No images, please. Copy each entry below exactly as it reads.

*** Opening of Supplied records ***

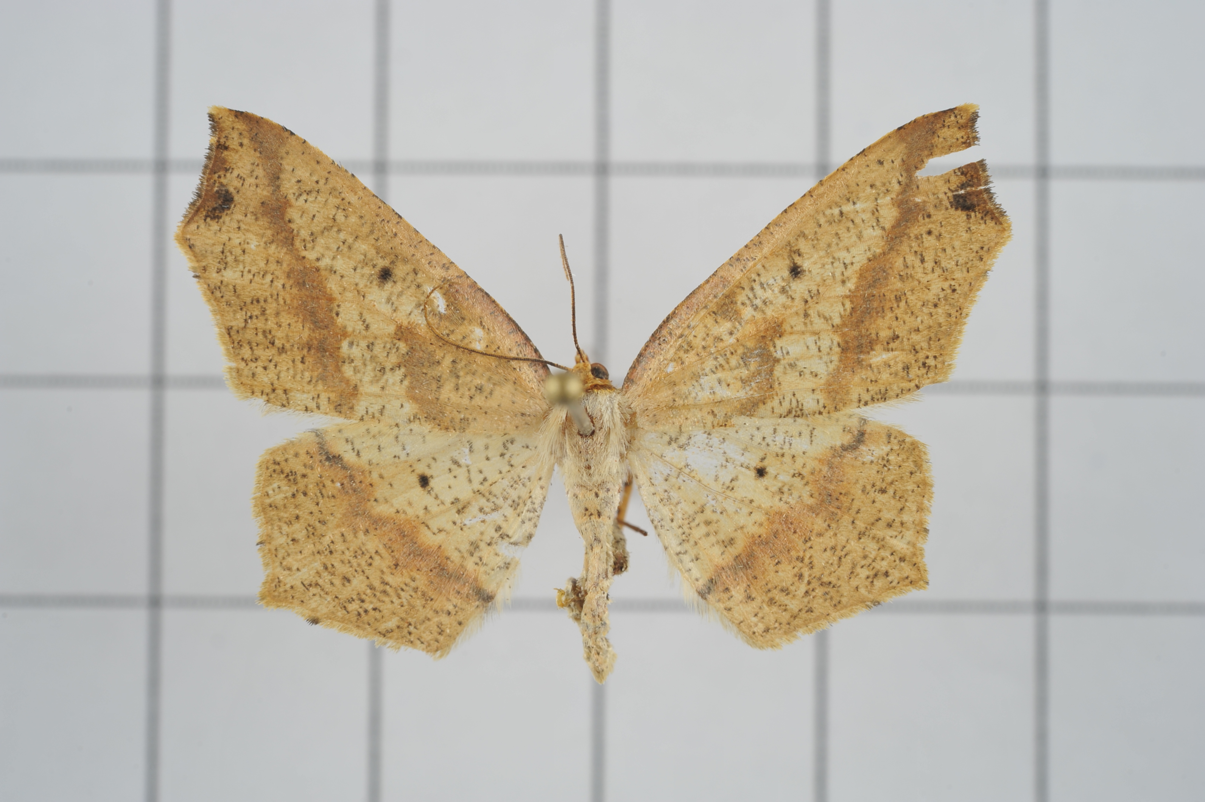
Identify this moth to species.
Pareclipsis serrulata
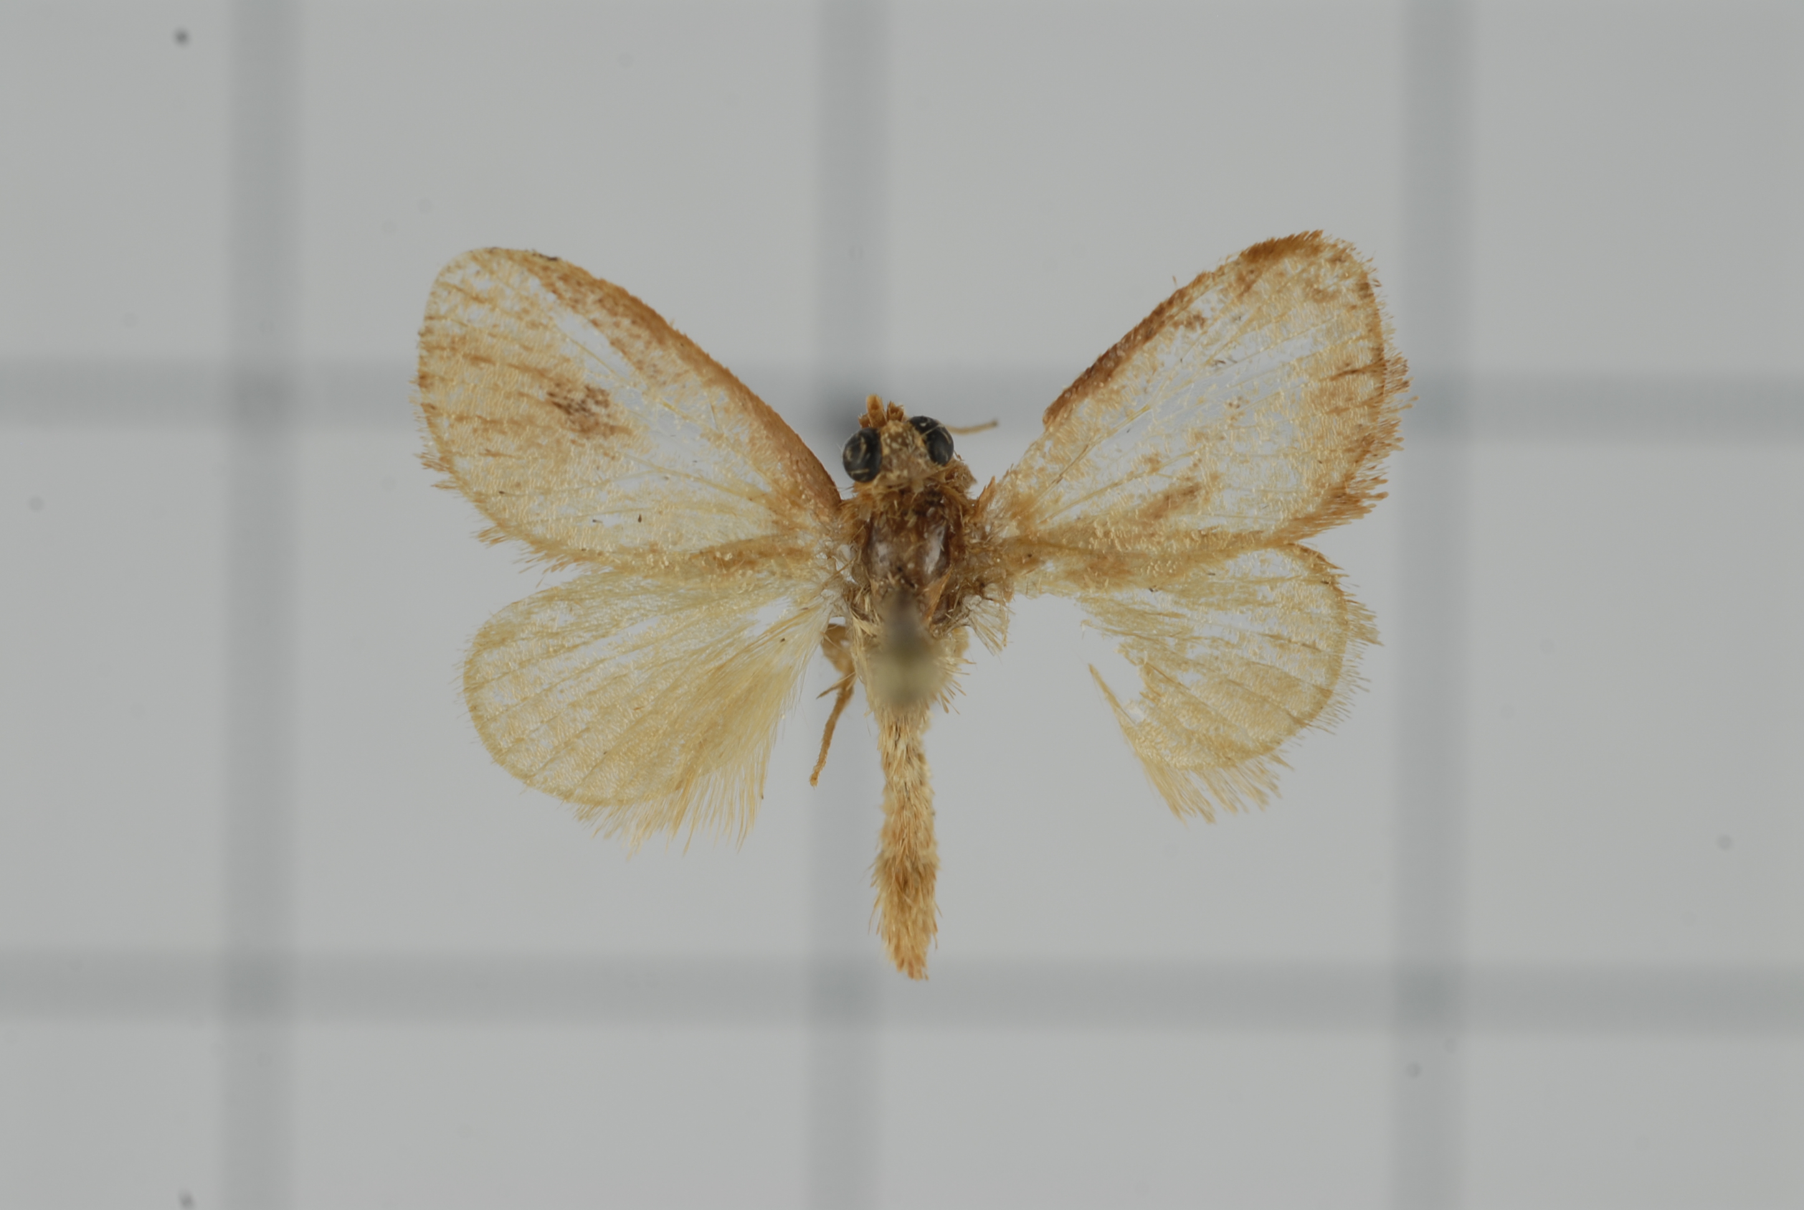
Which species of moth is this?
Flavinarosa obscura
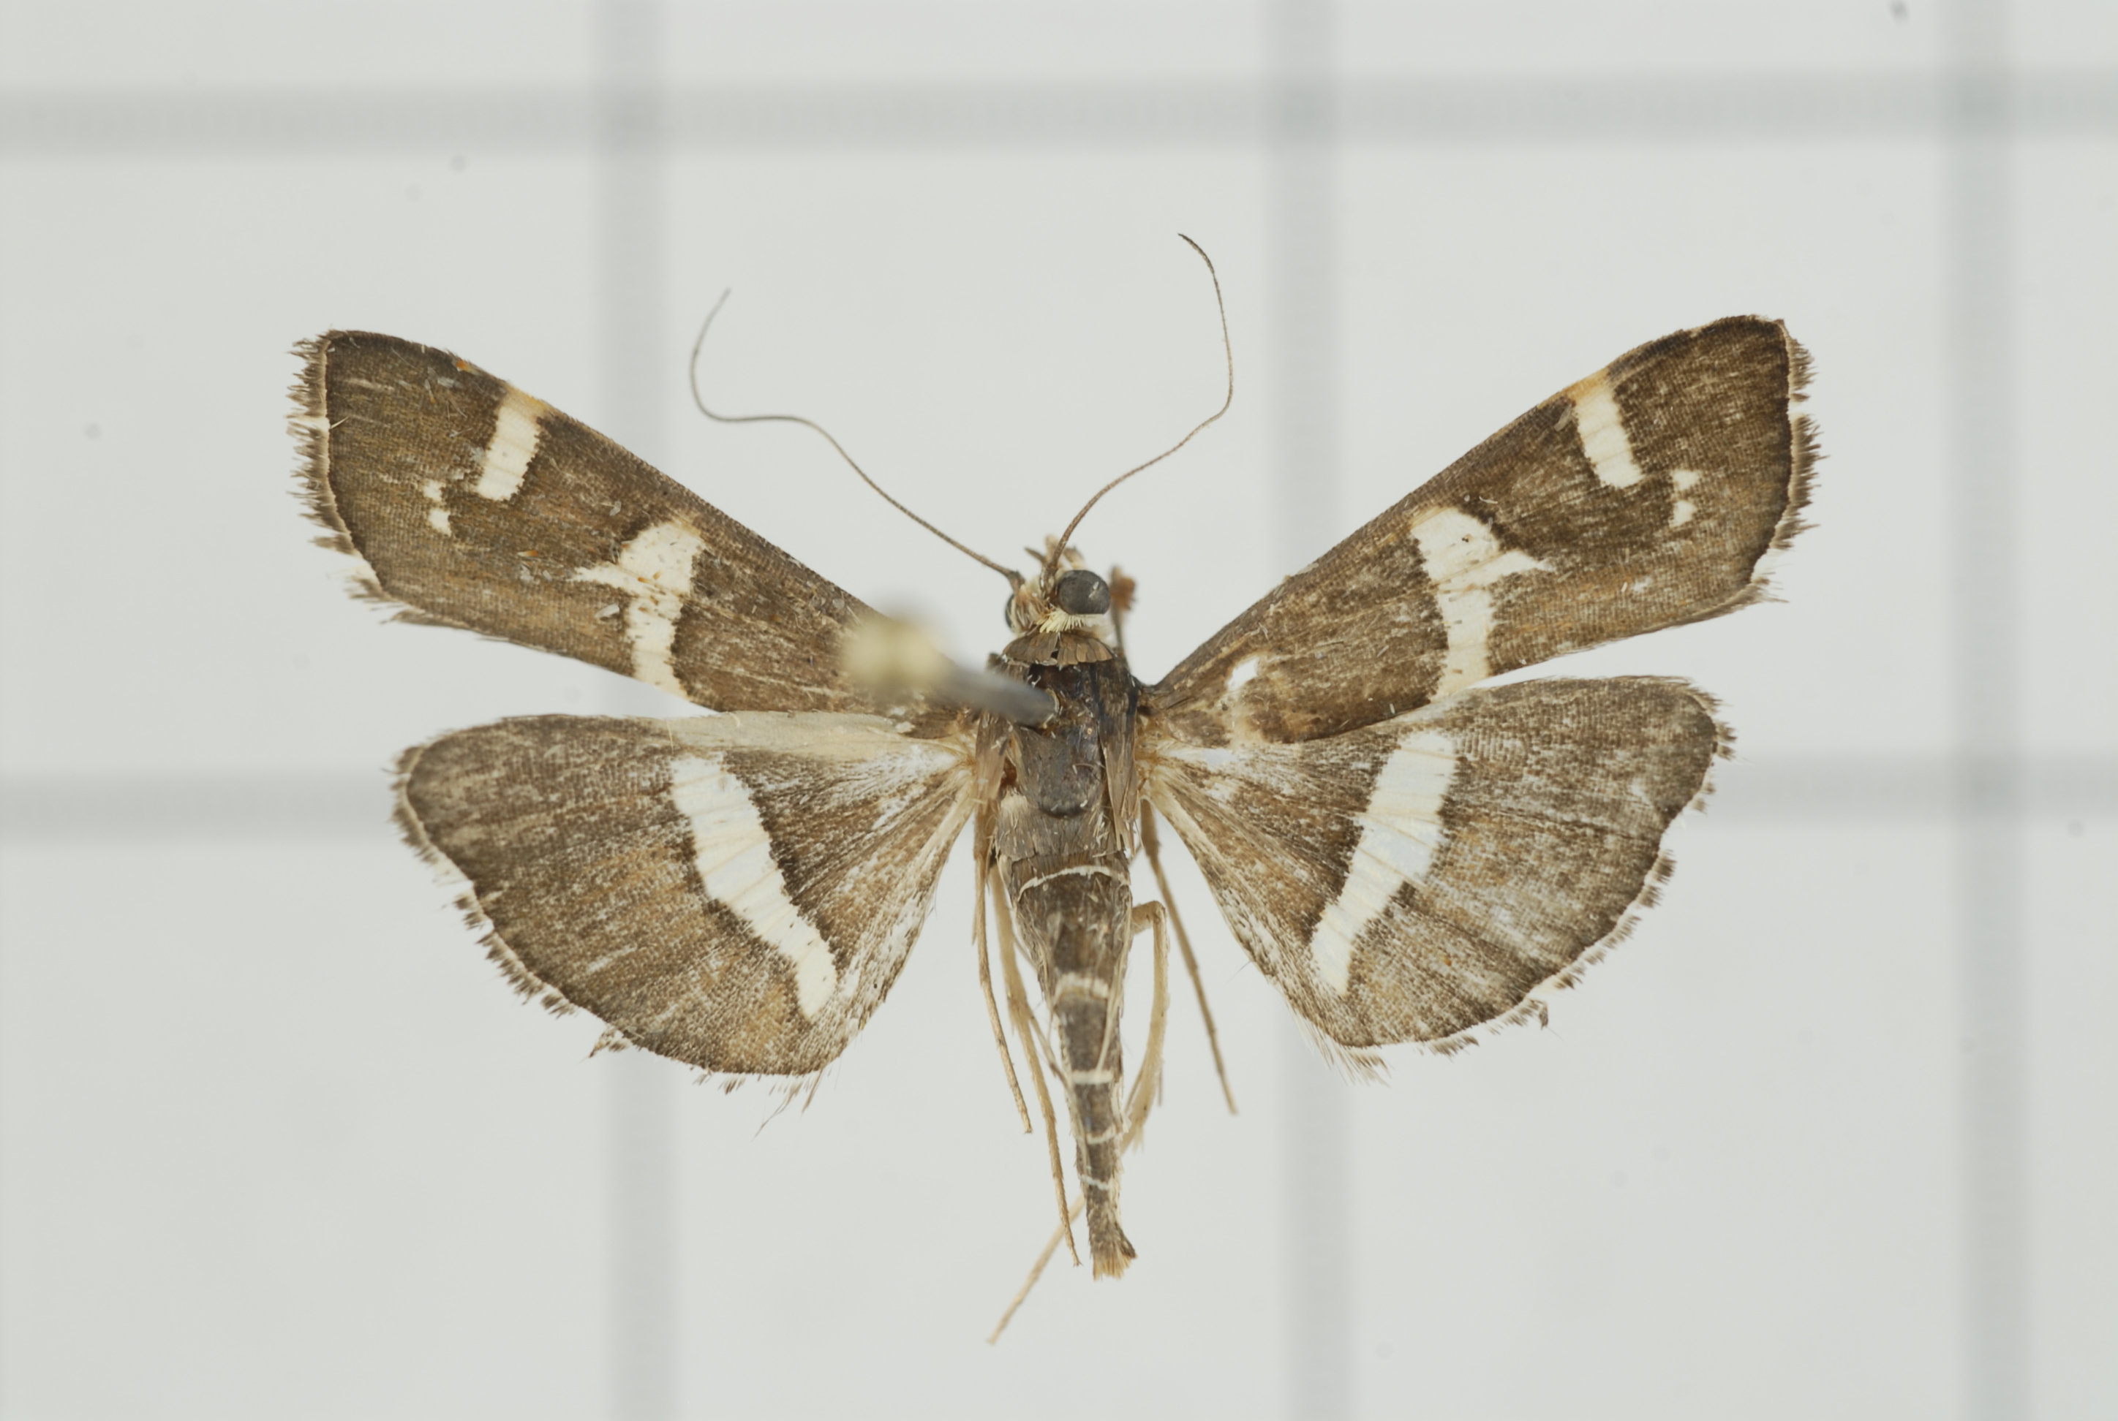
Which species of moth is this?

*** Close of Supplied records ***

Exercise result:
Identify this moth to species.
Pareclipsis serrulata
Which species of moth is this?
Flavinarosa obscura
Which species of moth is this?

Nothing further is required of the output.